_Problem description_
For the data that follows, print the line with "- share of the", the line with "5. what the", and all lines between them, exactly as they stand. Omit pictures and add nothing.

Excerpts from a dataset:
====

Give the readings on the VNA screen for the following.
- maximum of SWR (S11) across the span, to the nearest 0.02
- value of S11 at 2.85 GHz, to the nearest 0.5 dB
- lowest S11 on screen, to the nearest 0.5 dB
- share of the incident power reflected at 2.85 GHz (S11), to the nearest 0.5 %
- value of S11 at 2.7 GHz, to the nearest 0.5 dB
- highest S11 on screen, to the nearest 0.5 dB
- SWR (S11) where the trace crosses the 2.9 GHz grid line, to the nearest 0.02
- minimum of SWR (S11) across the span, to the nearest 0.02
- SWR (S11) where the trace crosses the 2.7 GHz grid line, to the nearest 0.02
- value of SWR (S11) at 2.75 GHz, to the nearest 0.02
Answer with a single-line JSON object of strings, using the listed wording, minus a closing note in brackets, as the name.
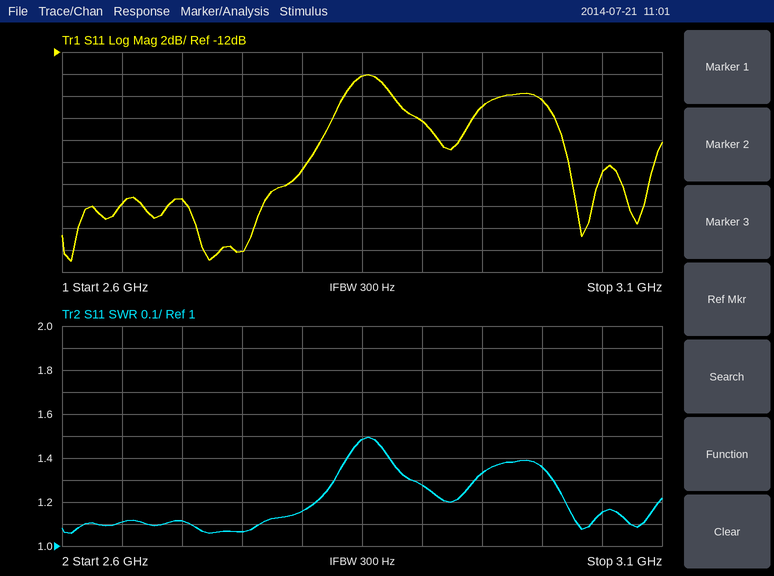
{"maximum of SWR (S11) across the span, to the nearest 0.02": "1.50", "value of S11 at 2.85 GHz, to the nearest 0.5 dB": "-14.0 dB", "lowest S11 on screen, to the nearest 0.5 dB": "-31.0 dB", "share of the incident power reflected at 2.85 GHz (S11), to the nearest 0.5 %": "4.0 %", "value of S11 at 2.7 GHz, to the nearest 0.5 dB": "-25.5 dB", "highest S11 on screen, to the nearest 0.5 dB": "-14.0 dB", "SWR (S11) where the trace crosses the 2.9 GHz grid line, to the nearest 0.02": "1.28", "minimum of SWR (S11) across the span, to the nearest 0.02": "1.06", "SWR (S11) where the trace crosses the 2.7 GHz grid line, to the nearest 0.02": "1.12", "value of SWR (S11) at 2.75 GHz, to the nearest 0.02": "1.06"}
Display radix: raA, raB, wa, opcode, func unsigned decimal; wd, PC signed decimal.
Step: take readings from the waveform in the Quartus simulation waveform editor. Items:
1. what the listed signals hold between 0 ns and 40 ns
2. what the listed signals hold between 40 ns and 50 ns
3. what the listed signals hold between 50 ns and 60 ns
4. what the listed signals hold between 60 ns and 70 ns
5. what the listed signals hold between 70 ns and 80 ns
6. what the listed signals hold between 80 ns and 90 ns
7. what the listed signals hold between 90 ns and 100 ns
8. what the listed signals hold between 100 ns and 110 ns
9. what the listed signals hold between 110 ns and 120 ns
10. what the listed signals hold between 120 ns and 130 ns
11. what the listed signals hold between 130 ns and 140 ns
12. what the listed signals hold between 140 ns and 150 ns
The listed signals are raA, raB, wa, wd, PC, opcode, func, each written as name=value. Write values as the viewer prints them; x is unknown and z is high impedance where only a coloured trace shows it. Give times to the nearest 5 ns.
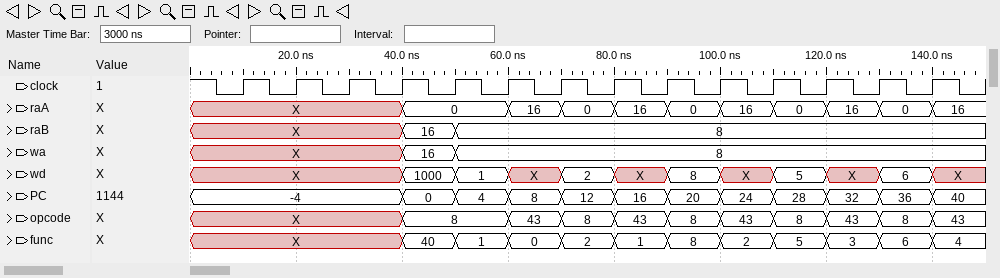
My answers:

====

_Response to the exercise_
- share of the incident power reflected at 2.85 GHz (S11), to the nearest 0.5 %
- value of S11 at 2.7 GHz, to the nearest 0.5 dB
- highest S11 on screen, to the nearest 0.5 dB
- SWR (S11) where the trace crosses the 2.9 GHz grid line, to the nearest 0.02
- minimum of SWR (S11) across the span, to the nearest 0.02
- SWR (S11) where the trace crosses the 2.7 GHz grid line, to the nearest 0.02
- value of SWR (S11) at 2.75 GHz, to the nearest 0.02
Answer with a single-line JSON object of strings, using the listed wording, minus a closing note in brackets, as the name.
{"maximum of SWR (S11) across the span, to the nearest 0.02": "1.50", "value of S11 at 2.85 GHz, to the nearest 0.5 dB": "-14.0 dB", "lowest S11 on screen, to the nearest 0.5 dB": "-31.0 dB", "share of the incident power reflected at 2.85 GHz (S11), to the nearest 0.5 %": "4.0 %", "value of S11 at 2.7 GHz, to the nearest 0.5 dB": "-25.5 dB", "highest S11 on screen, to the nearest 0.5 dB": "-14.0 dB", "SWR (S11) where the trace crosses the 2.9 GHz grid line, to the nearest 0.02": "1.28", "minimum of SWR (S11) across the span, to the nearest 0.02": "1.06", "SWR (S11) where the trace crosses the 2.7 GHz grid line, to the nearest 0.02": "1.12", "value of SWR (S11) at 2.75 GHz, to the nearest 0.02": "1.06"}
Display radix: raA, raB, wa, opcode, func unsigned decimal; wd, PC signed decimal.
Step: take readings from the waveform in the Quartus simulation waveform editor. Items:
1. what the listed signals hold between 0 ns and 40 ns
2. what the listed signals hold between 40 ns and 50 ns
3. what the listed signals hold between 50 ns and 60 ns
4. what the listed signals hold between 60 ns and 70 ns
5. what the listed signals hold between 70 ns and 80 ns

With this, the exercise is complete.